§ **Your task**:
Among the lines below, which ones contain the word "agent"? Copy every such line.

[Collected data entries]
□ □ □ □ □ □ □
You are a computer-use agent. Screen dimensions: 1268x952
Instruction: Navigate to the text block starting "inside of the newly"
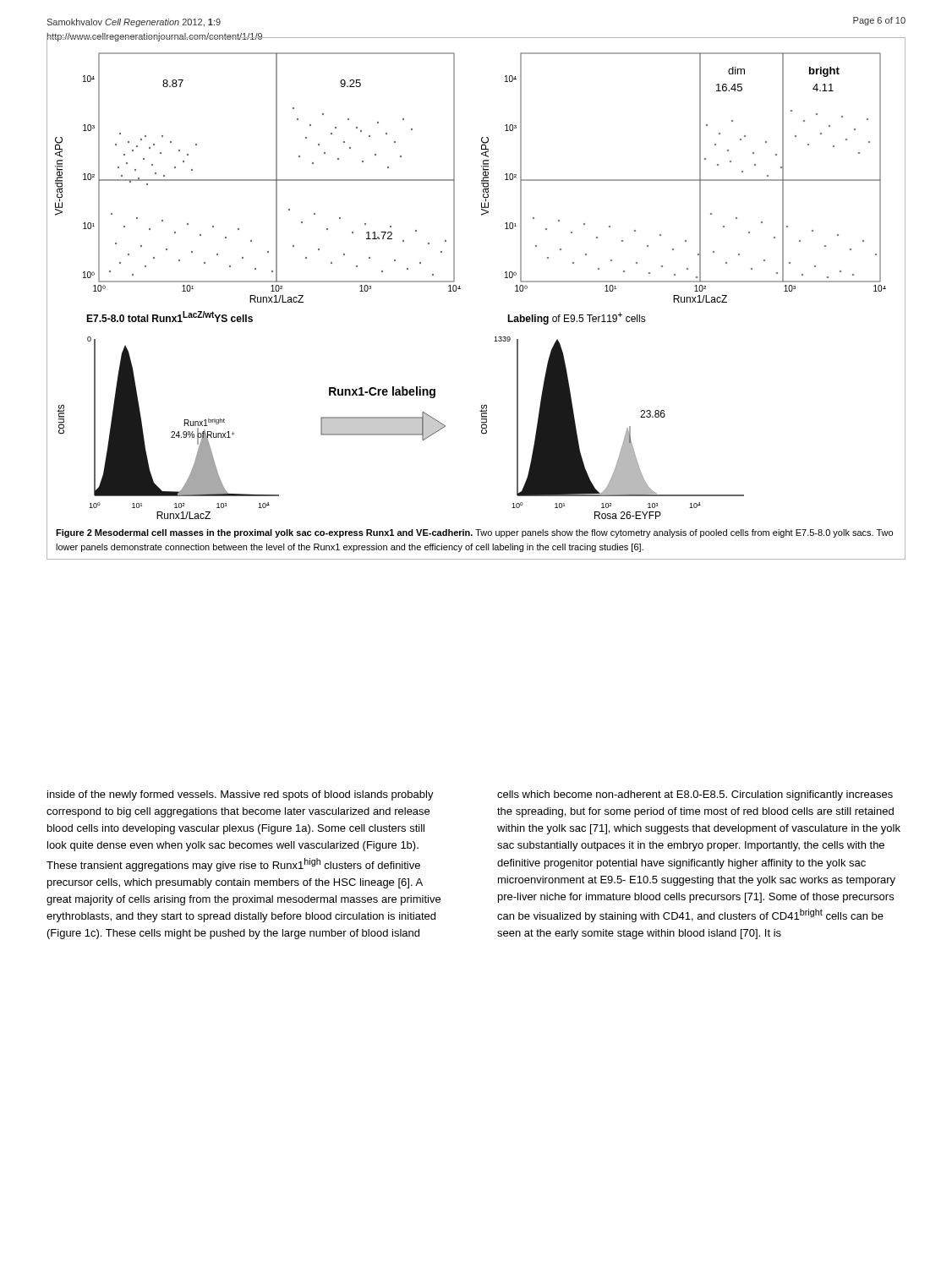click(244, 864)
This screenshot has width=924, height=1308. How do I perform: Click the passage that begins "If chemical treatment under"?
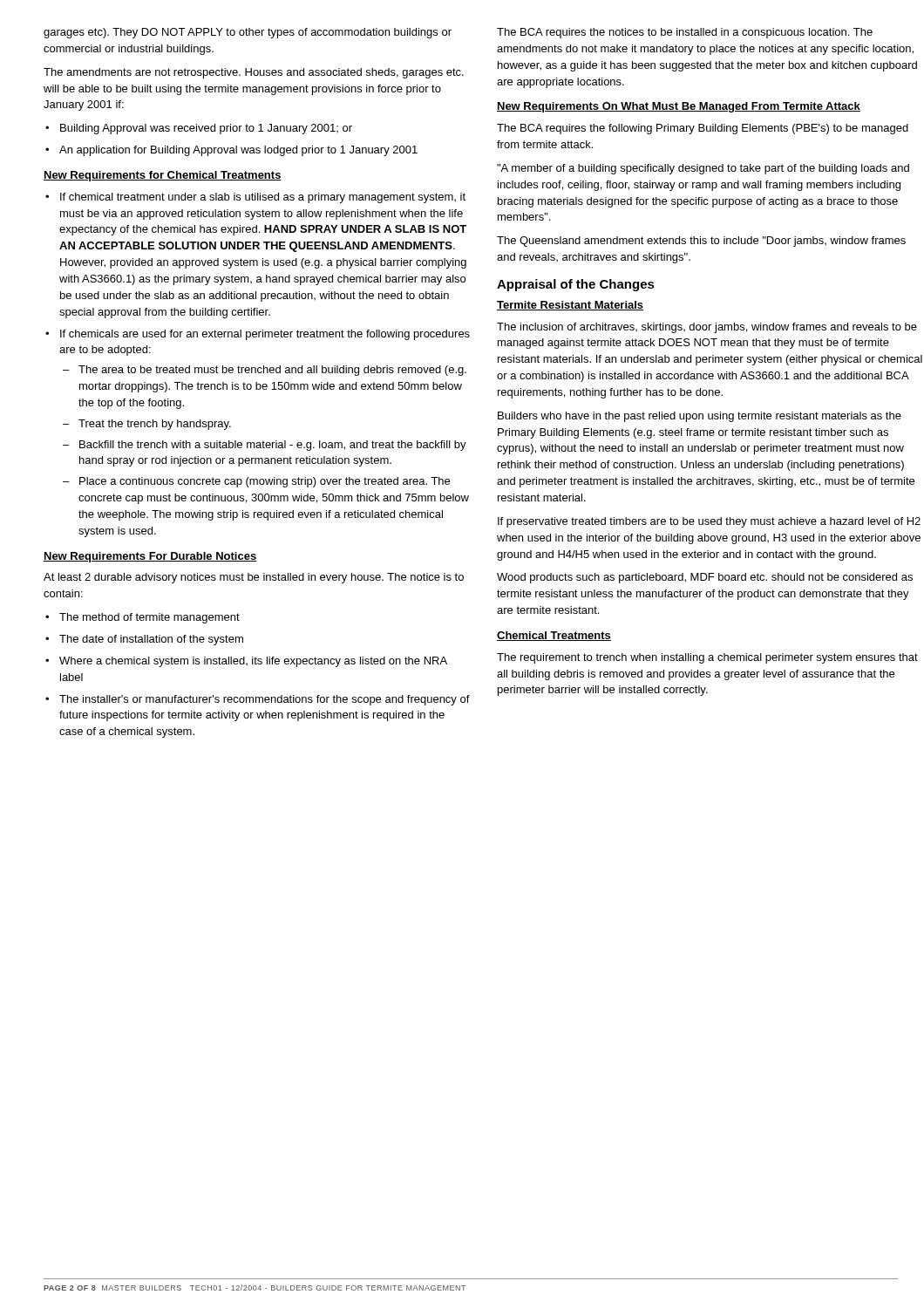click(x=263, y=254)
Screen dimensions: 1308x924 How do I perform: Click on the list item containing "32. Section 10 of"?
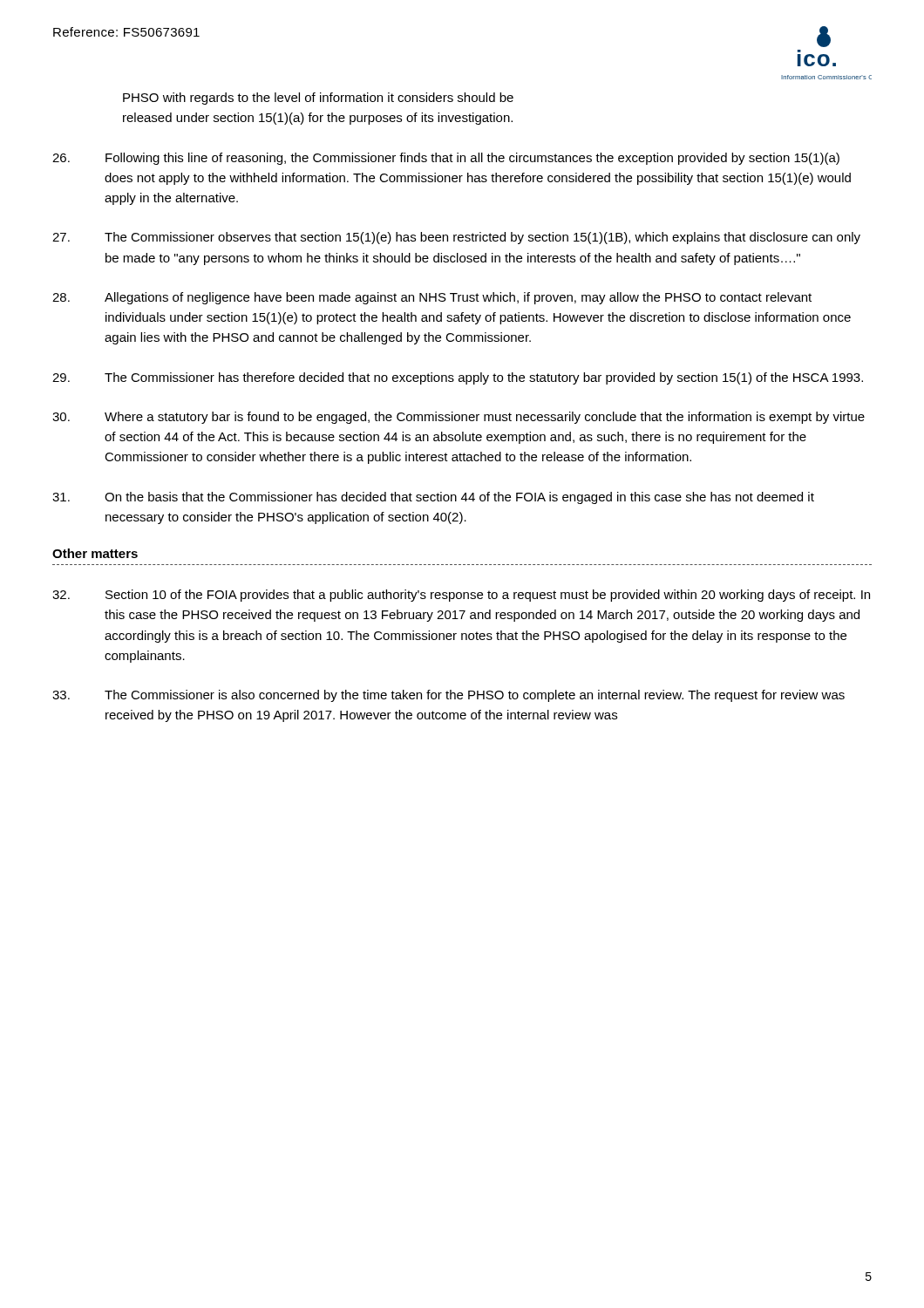click(x=462, y=625)
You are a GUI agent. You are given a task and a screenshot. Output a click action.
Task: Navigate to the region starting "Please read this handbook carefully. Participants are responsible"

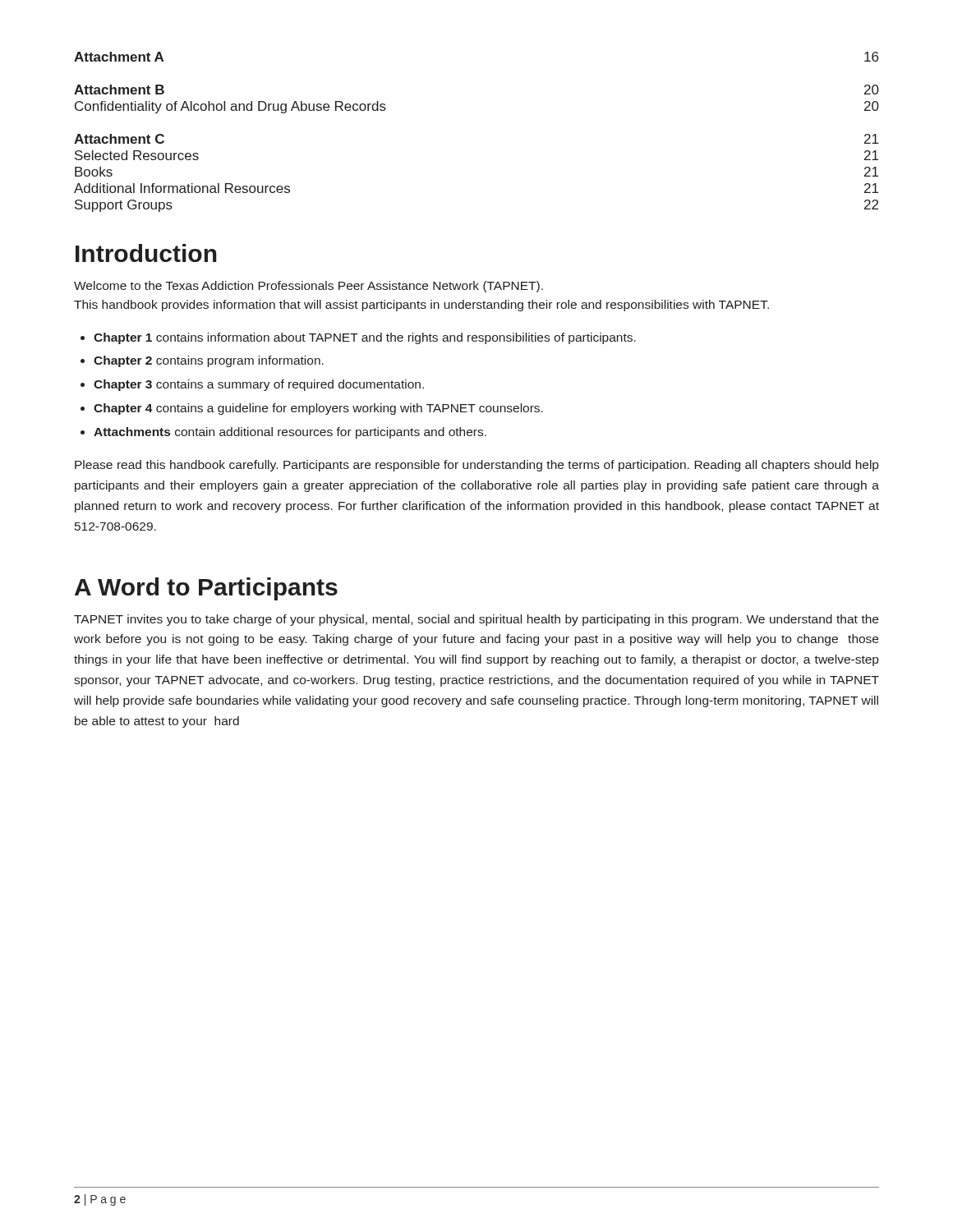point(476,495)
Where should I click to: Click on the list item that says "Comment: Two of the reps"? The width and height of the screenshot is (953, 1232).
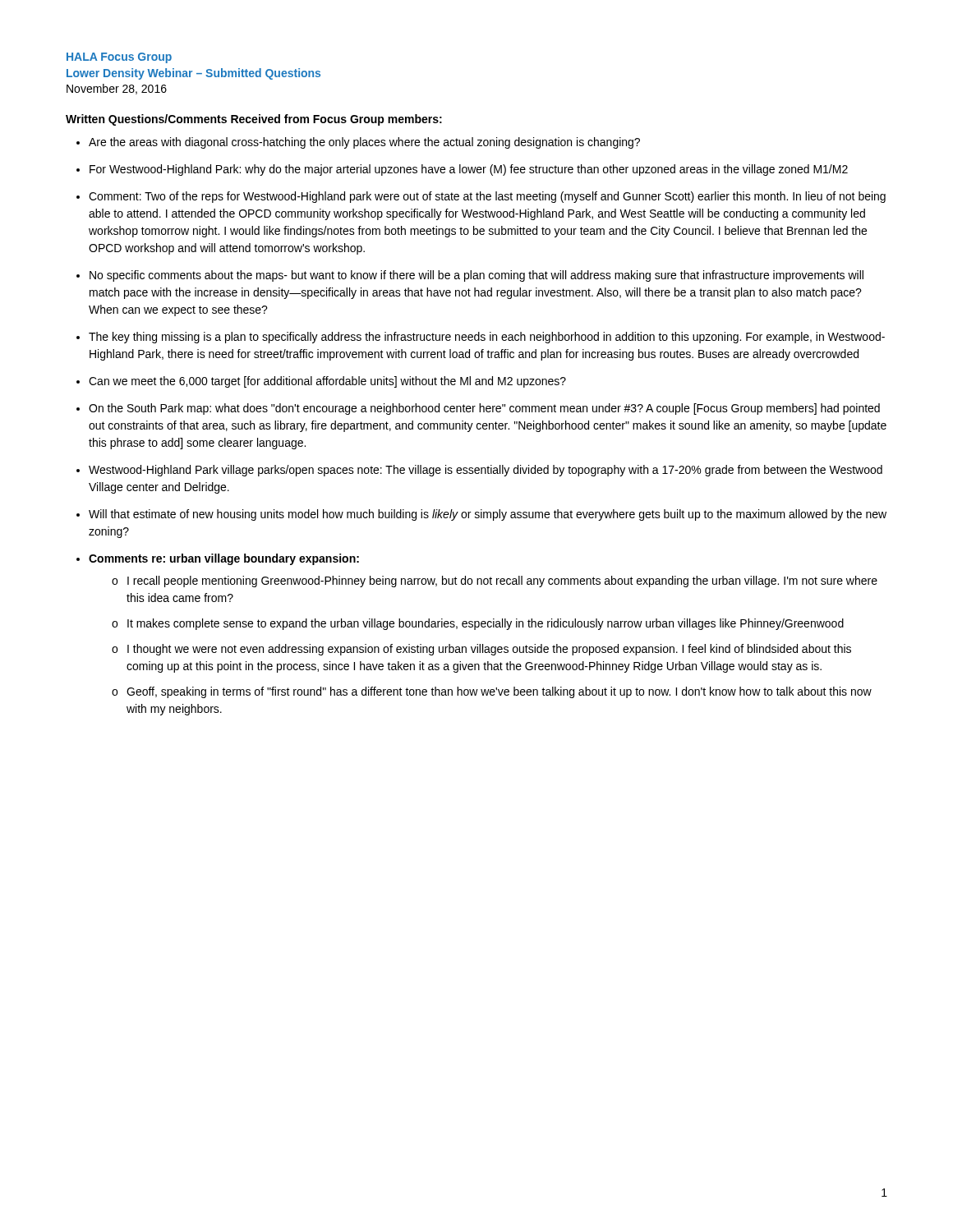click(487, 222)

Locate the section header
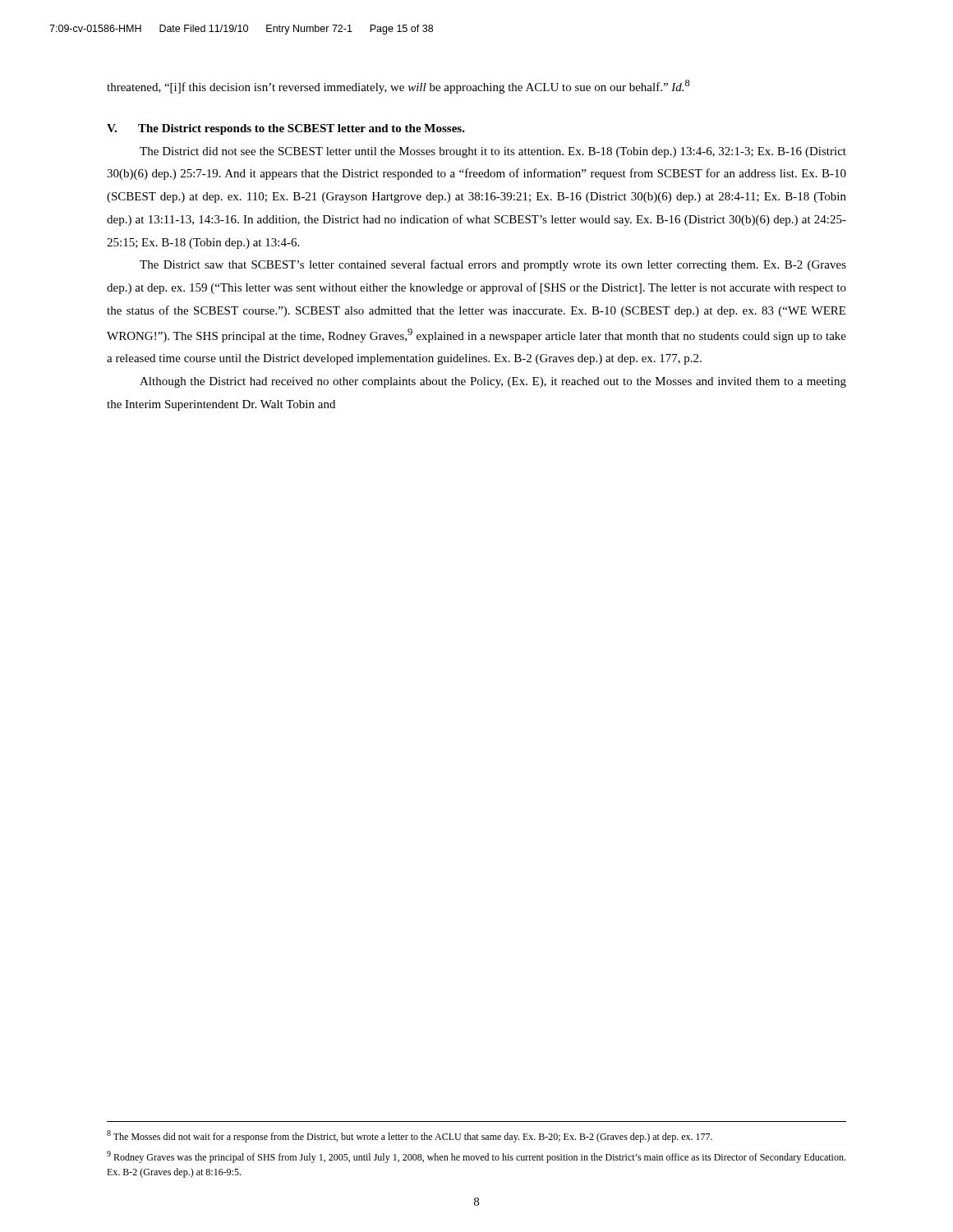[x=286, y=129]
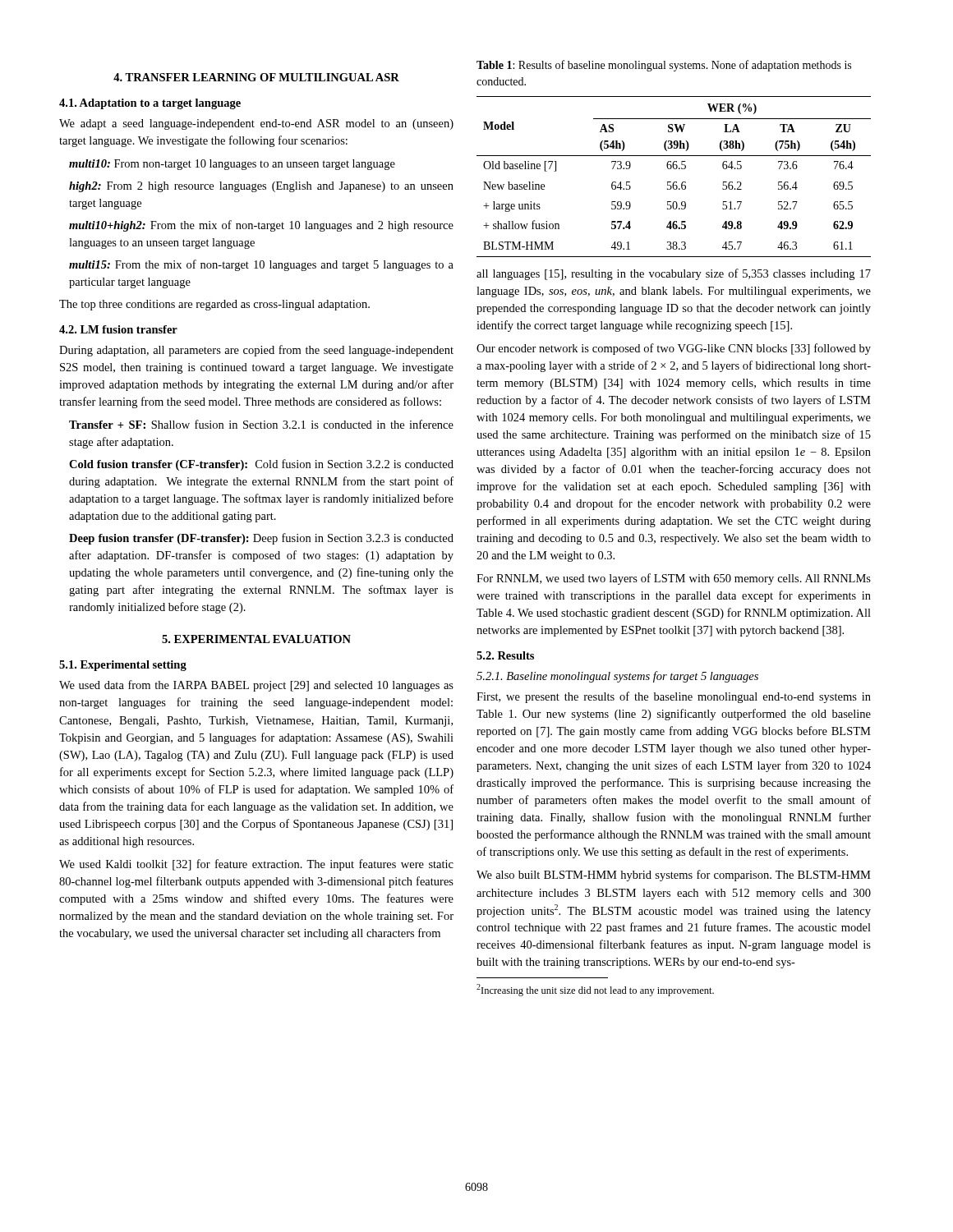
Task: Find the passage starting "5.1. Experimental setting"
Action: (123, 665)
□ □ □ □ □ □ □
§ **Task answer**:
You are a computer-use agent. Screen dimensions: 1268x952
You are a GUI agent. You are given a task and a screenshot. Output a click action.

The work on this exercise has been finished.